The way everyone treated me was the fuel for the turmoil that was bothering me. The more I did drugs, the more the turmoil and the more the battles raged. At night I could not do drugs and get high without thinking about that day. I would think about how kind and caring everyone had been towards me.
Then the next day came—time to go back to work, stand before some of the same people from the day before. They may or may not know about me, the drugs and the night before, but I did. I knew. I would drag myself together, getting ready for work, try to make myself look presentable, because a lot of nights I never went to sleep. I was awake all night either from the drug use or the guilt. I could only hope that I did not look as terrible as I felt. I tried to wear a mask, hide behind the mask; only the mask did not make all of those horrible feelings go away.

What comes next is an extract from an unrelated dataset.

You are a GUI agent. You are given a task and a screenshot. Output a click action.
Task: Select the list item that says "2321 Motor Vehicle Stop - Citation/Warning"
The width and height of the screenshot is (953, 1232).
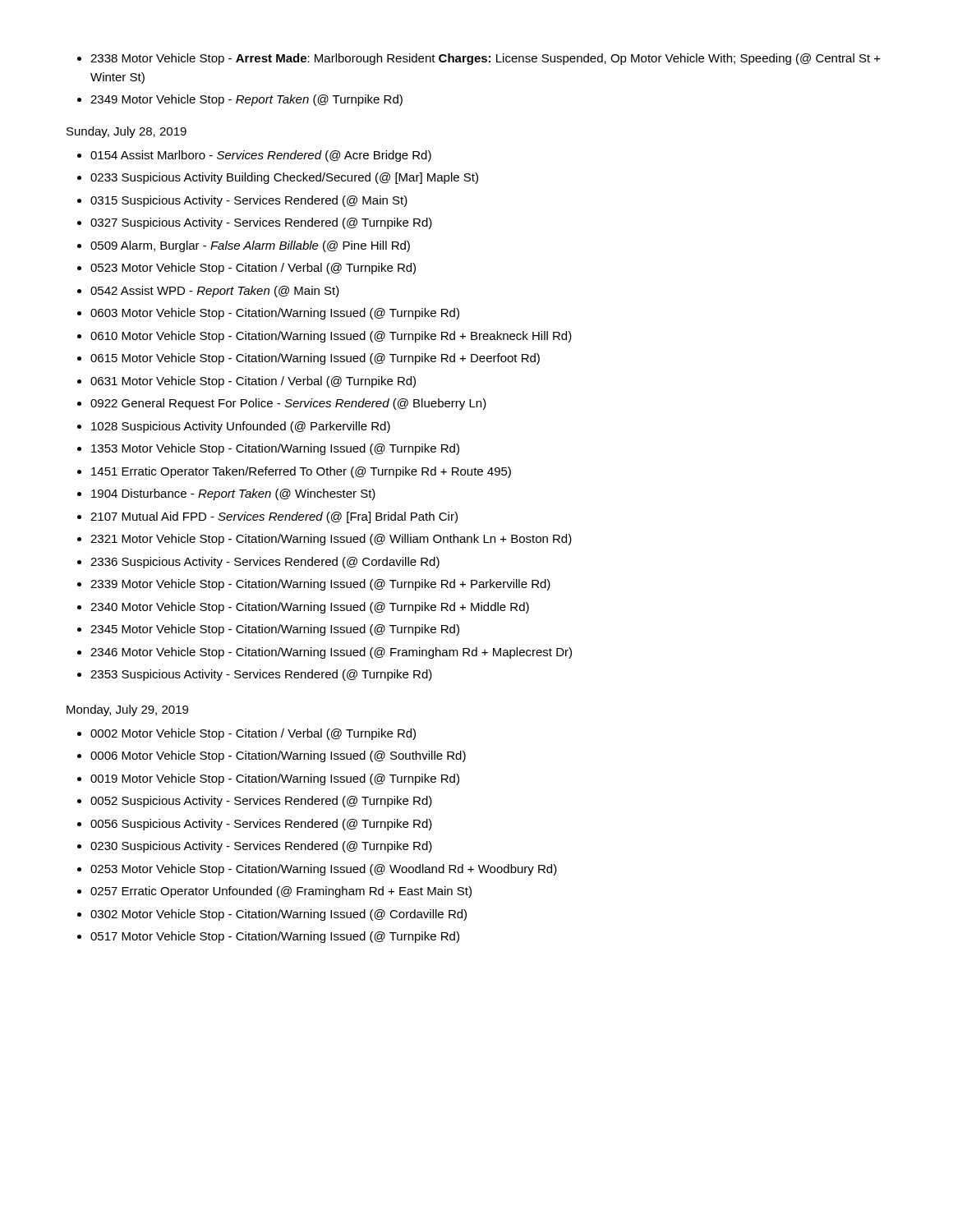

I felt like a deceiver, a liar in the lowest form. I felt guilt, shame. I felt like I betrayed all the people that I had met. I am telling you, there were times when I went to get my papers and go to work that the sun felt like God’s flashlight. No, more like his spotlight. It didn’t seem to be shining on the crops, the beaches, no other people—just me.
Never in all my years of doing drugs did I ever put up a fight to stop as I was doing then. I remember the feeling and telling myself, “No. No. No more drugs. I am the man that I intend to be.” The agony was like a persistent toothache and like a real bad toothache. The drugs and that life had to go.
That was about eight months ago. Today, because of my many experiences with the Denver VOICE, drugs are no longer part of my life. Technically speaking, I am no longer homeless, either. I haven’t found a place to stay yet, but I have the money.
There will be people that read this article that may not believe spiritually in a God of the universe. I don’t judge that and I do not hold it against you. Just don’t judge or hold it against me because I do.
The greatest and most rewarding experience that I have had with the Denver VOICE is the re-introduction to God. Through my brother, people from the Denver VOICE, their program, people from the Auraria campus and all of the many people that I have met while vending the Denver VOICE, God was able to reach me. All of you people whom I call God’s angels, may God always be with you and continue to bless you.